As the answer, return precisely the lines from the one containing "Give the objects in this list a 3D box each." to the final line of the material below, inclusive, and omit every picture.
=== Dataset extract ===
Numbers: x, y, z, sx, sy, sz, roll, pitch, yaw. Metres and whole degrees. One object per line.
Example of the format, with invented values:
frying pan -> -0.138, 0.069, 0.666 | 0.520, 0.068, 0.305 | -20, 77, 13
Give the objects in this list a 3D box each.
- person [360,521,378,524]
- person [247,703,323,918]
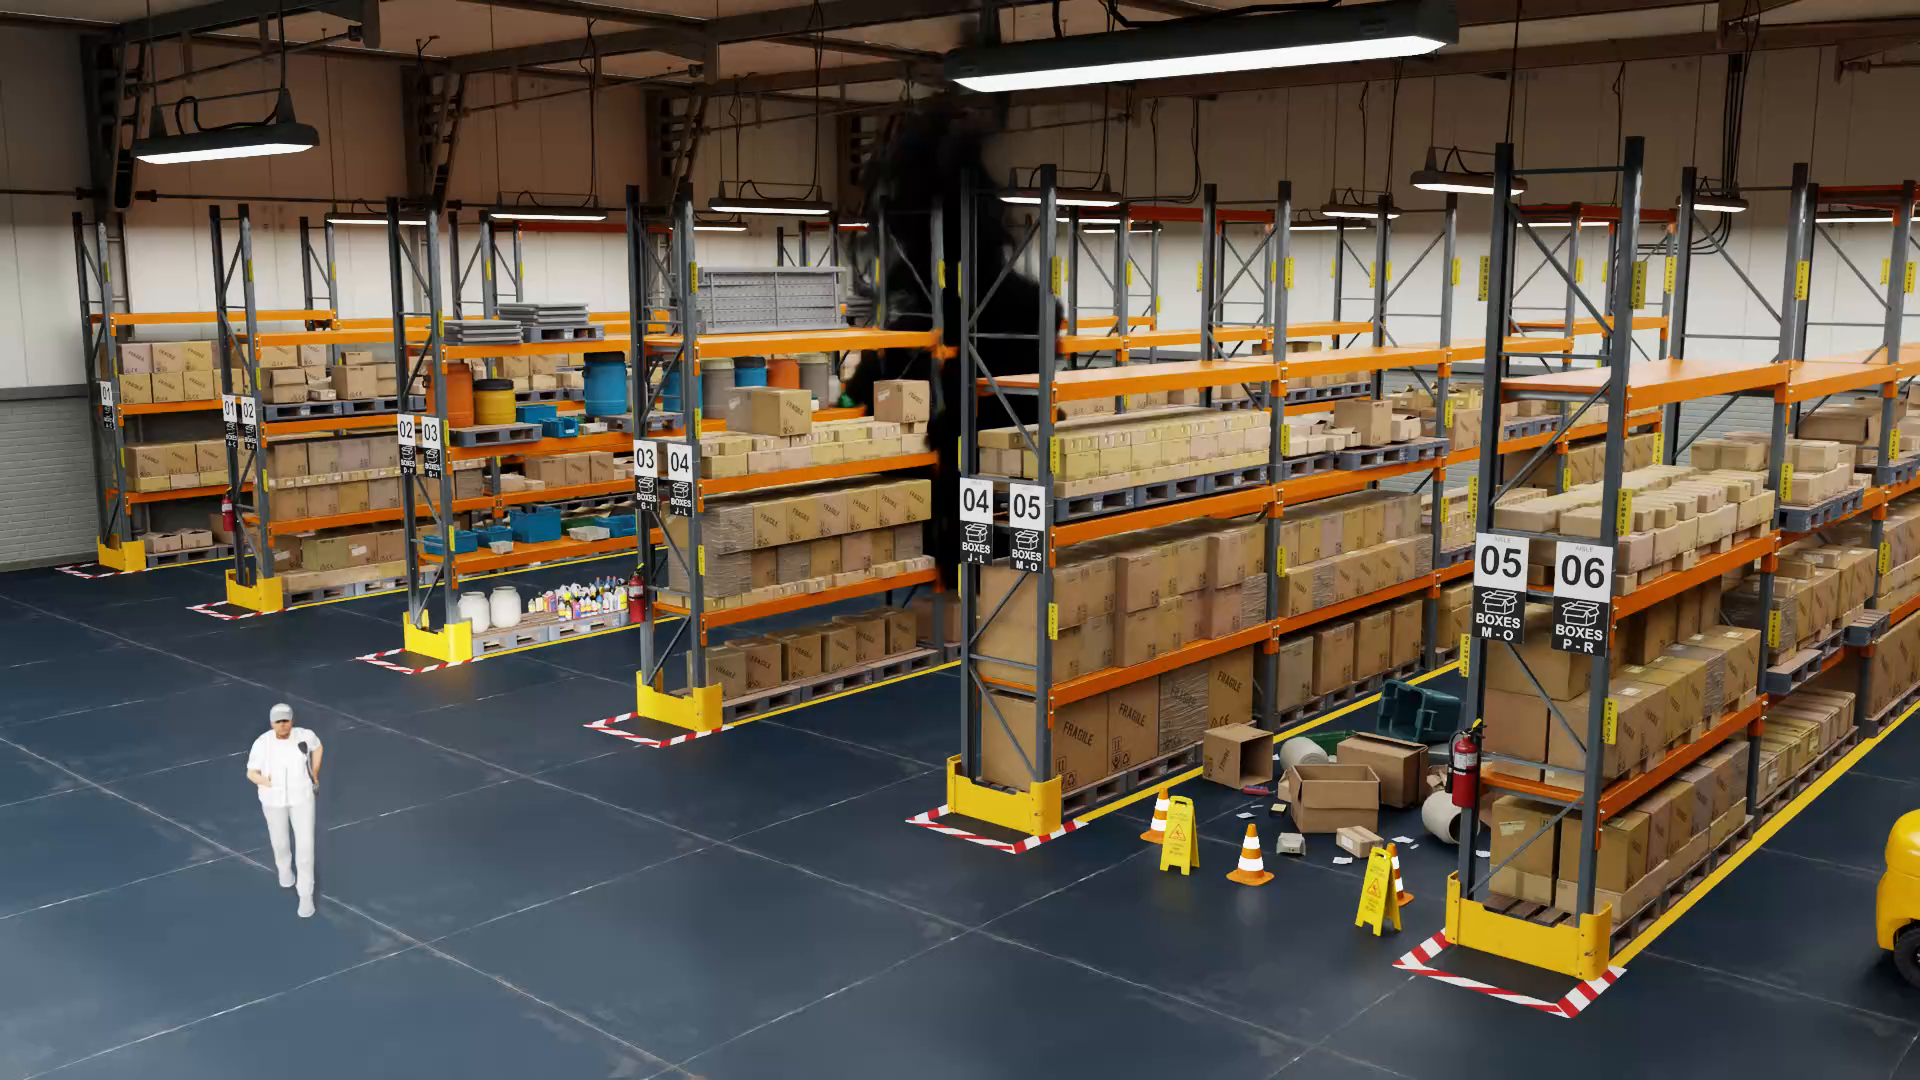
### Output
person -> -10.012, -0.267, 28.078 | 0.508, 1.558, 0.586 | 8, 13, 41
person -> -5.458, 2.123, 13.502 | 0.568, 1.684, 0.901 | -3, 10, -20
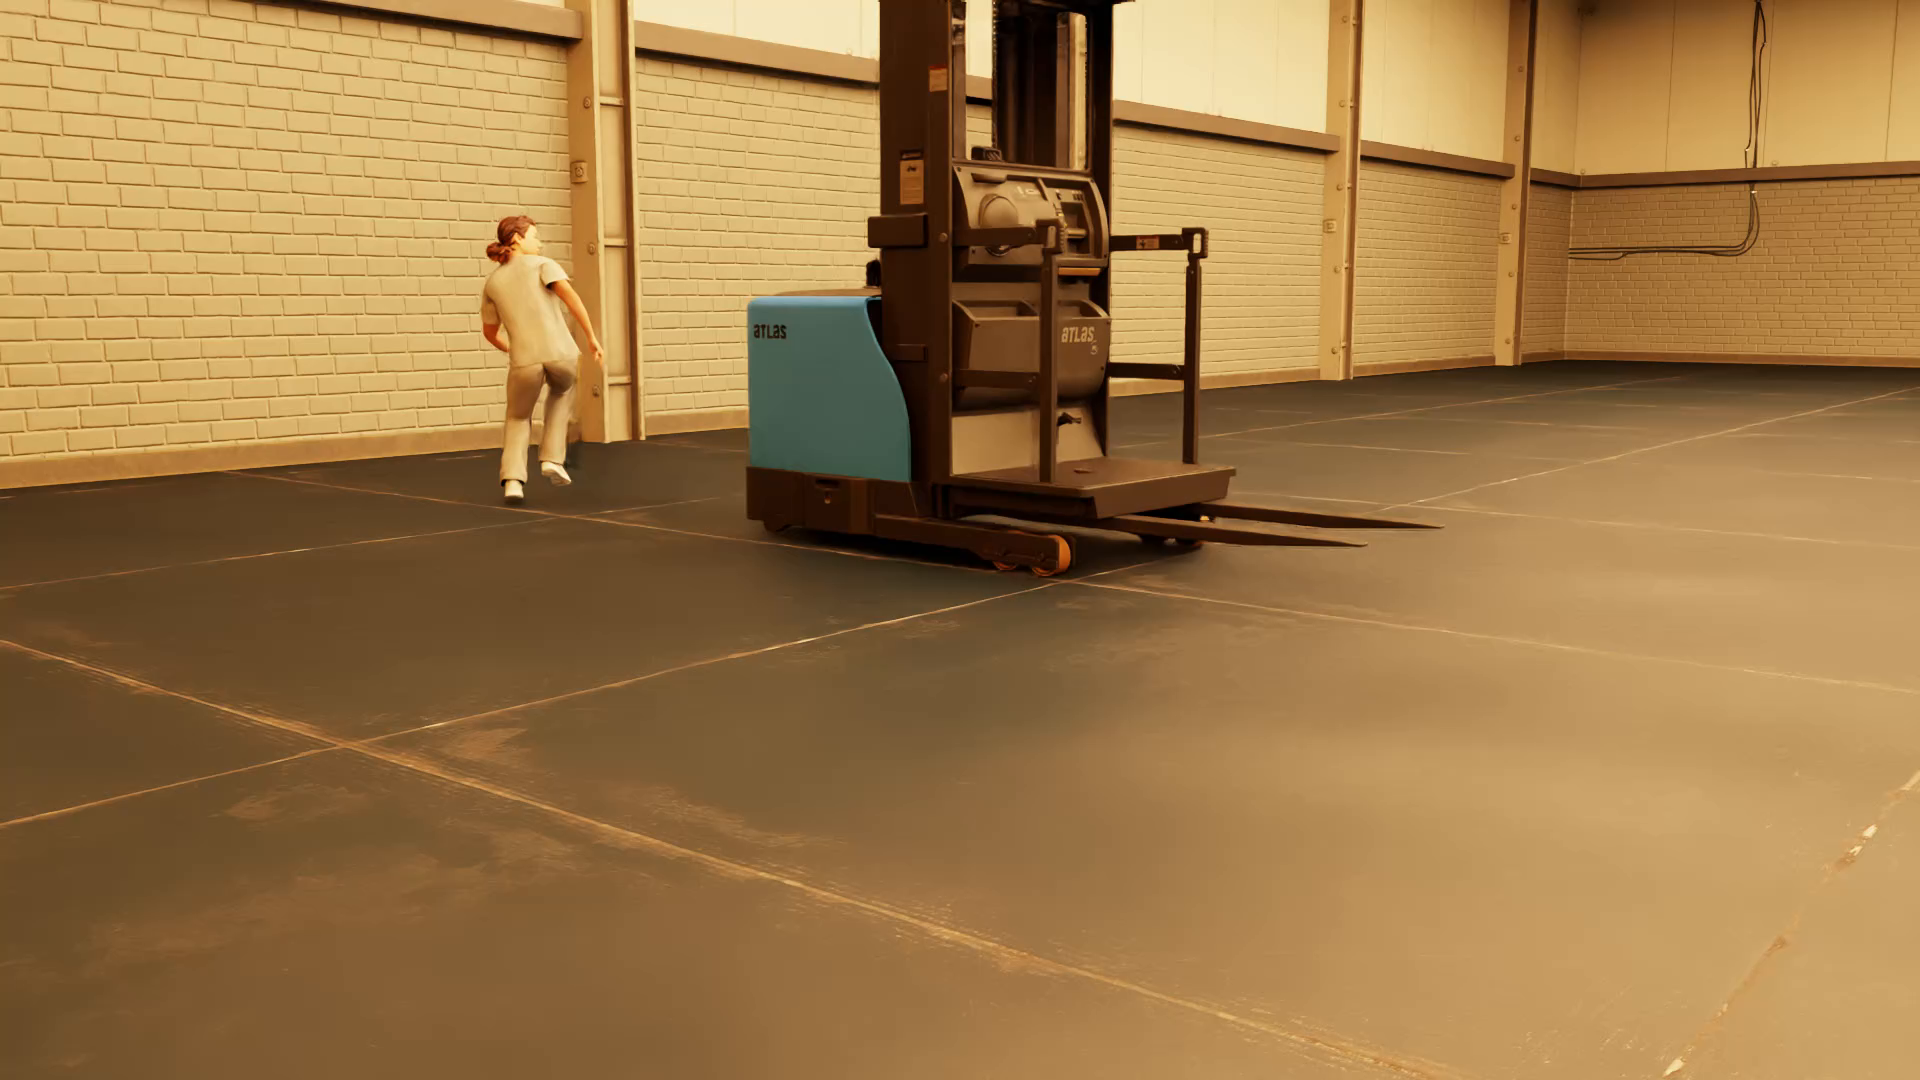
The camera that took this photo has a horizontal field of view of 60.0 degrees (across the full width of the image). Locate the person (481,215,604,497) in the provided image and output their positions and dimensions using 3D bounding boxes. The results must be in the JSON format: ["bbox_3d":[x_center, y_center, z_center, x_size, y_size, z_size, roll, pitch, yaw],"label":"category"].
===
* **Written answer**:
Give the objects in this list a 3D box each.
- person [360,521,378,524]
- person [247,703,323,918]
### Output
person -> -10.012, -0.267, 28.078 | 0.508, 1.558, 0.586 | 8, 13, 41
person -> -5.458, 2.123, 13.502 | 0.568, 1.684, 0.901 | -3, 10, -20
The camera that took this photo has a horizontal field of view of 60.0 degrees (across the full width of the image). Locate the person (481,215,604,497) in the provided image and output their positions and dimensions using 3D bounding boxes. The results must be in the JSON format: ["bbox_3d":[x_center, y_center, z_center, x_size, y_size, z_size, roll, pitch, yaw],"label":"category"].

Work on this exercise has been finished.